1 Combinatorics
1.1 Some basic mathematical notation
Summation: \[ \sum_{i=1}^n x_i = x_1 + x_2 + \ldots + x_n \]
Multiplication: \[ \prod_{i=1}^n x_i = x_1 \times x_2 \times \ldots \times x_n \]
Indicator function (in Iverson bracket notation): \[ [A] = \begin{cases} 1 & \text{if $A$ is true}\\ 0 & \text{if $A$ is not true}\\ \end{cases} \]
Scalar: plain type, typically lower case (\(x\), \(\theta\)), sometimes upper case (\(K\)).
Vector: bold type, lower case (\(\boldsymbol x\), \(\boldsymbol \theta\)).
Matrix: bold type, upper case (\(\boldsymbol X\), \(\boldsymbol \Sigma\)).
1.2 Number of permutations
The number of possible orderings, or permutations, of \(n\) distinct items is the number of ways to put \(n\) items in \(n\) bins with exactly one item in each bin. It is given by the factorial \[ n! = \prod_{i=1}^n i = 1 \times 2 \times \ldots \times n \] where \(n\) is a positive integer. For \(n=0\) the factorial is defined as \[ 0! = 1 \] as there is exactly one permutation of zero objects.
The factorial can also be obtained using the gamma function \[ \Gamma(x) = \int_0^\infty t^{x-1} e^{-t} dt \] which can be viewed as continuous version of the factorial with \(\Gamma(x) = (x-1)!\) for any positive integer \(x\).
1.3 De Moivre-Sterling approximation of the factorial
The factorial is frequently approximated by the following formula derived by Abraham de Moivre (1667–1754) and James Stirling (1692-1770) \[ n! \approx \sqrt{2 \pi} n^{n+\frac{1}{2}} e^{-n} \] or equivalently on logarithmic scale \[ \log n! \approx \left(n+\frac{1}{2}\right) \log n -n + \frac{1}{2}\log \left( 2 \pi\right) \] The approximation is good for small \(n\) (but fails for \(n=0\)) and becomes more and more accurate with increasing \(n\). For large \(n\) the approximation can be simplified to \[ \log n! \approx n \log n -n \]
1.4 Multinomial and binomial coefficient
The number of possible permutation of \(n\) items of \(K\) distinct types, with \(n_1\) of type 1, \(n_2\) of type 2 and so on, equals the number of ways to put \(n\) items into \(K\) bins with \(n_1\) items in the first bin, \(n_2\) in the second and so on. It is given by the multinomial coefficient \[ \binom{n}{n_1, \ldots, n_K} = \frac {n!}{n_1! \times n_2! \times\ldots \times n_K! } \] with \(\sum_{k=1}^K n_k = n\) and \(K \leq n\). Note that it equals the number of permutation of all items divided by the number of permutations of the items in each bin (or of each type).
If all \(n_k=1\) and hence \(K=n\) the multinomial coefficient reduces to the factorial.

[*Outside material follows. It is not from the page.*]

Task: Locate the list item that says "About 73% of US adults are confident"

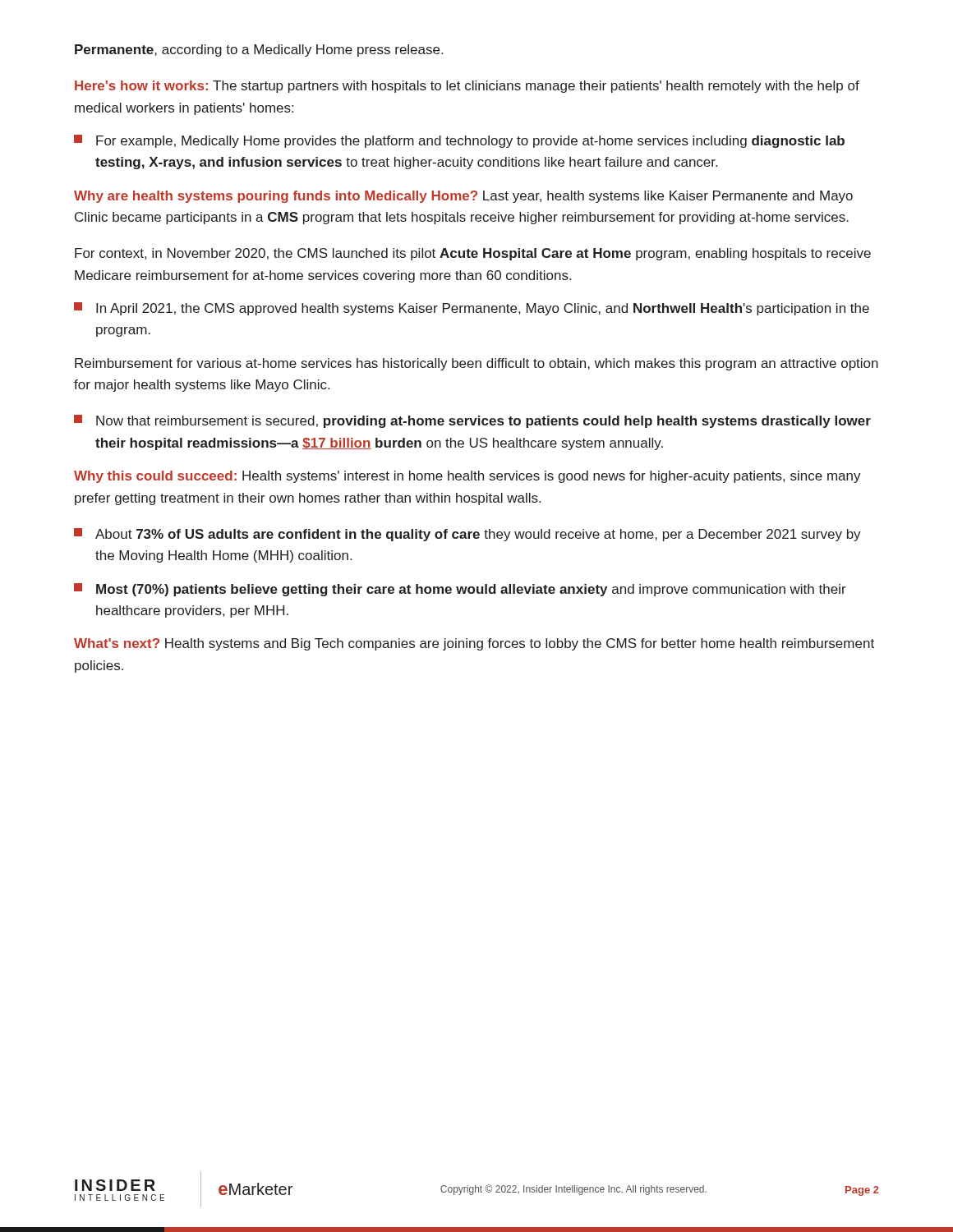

If there are only two bins / types (\(K=2\)) the multinomial coefficients becomes the binomial coefficient \[ \binom{n}{n_1} = \binom{n}{n_1, n-n_1} = \frac {n!}{n_1! (n - n_1)!} \] which counts the number of ways to choose \(n_1\) elements from a set of \(n\) elements.
For large \(n\) and \(n_k\) we can apply the De Moivre-Sterling approximation to the multinomial coefficient, yielding \[ \log\binom{n}{n_1, \ldots, n_K} = - n \sum_{k=1}^K \frac{n_k}{n} \log\left( \frac{n_k}{n} \right) \] Note this is \(n\) times the Shannon entropy of a categorical distribution with \(n_k/n\) as class probabilities.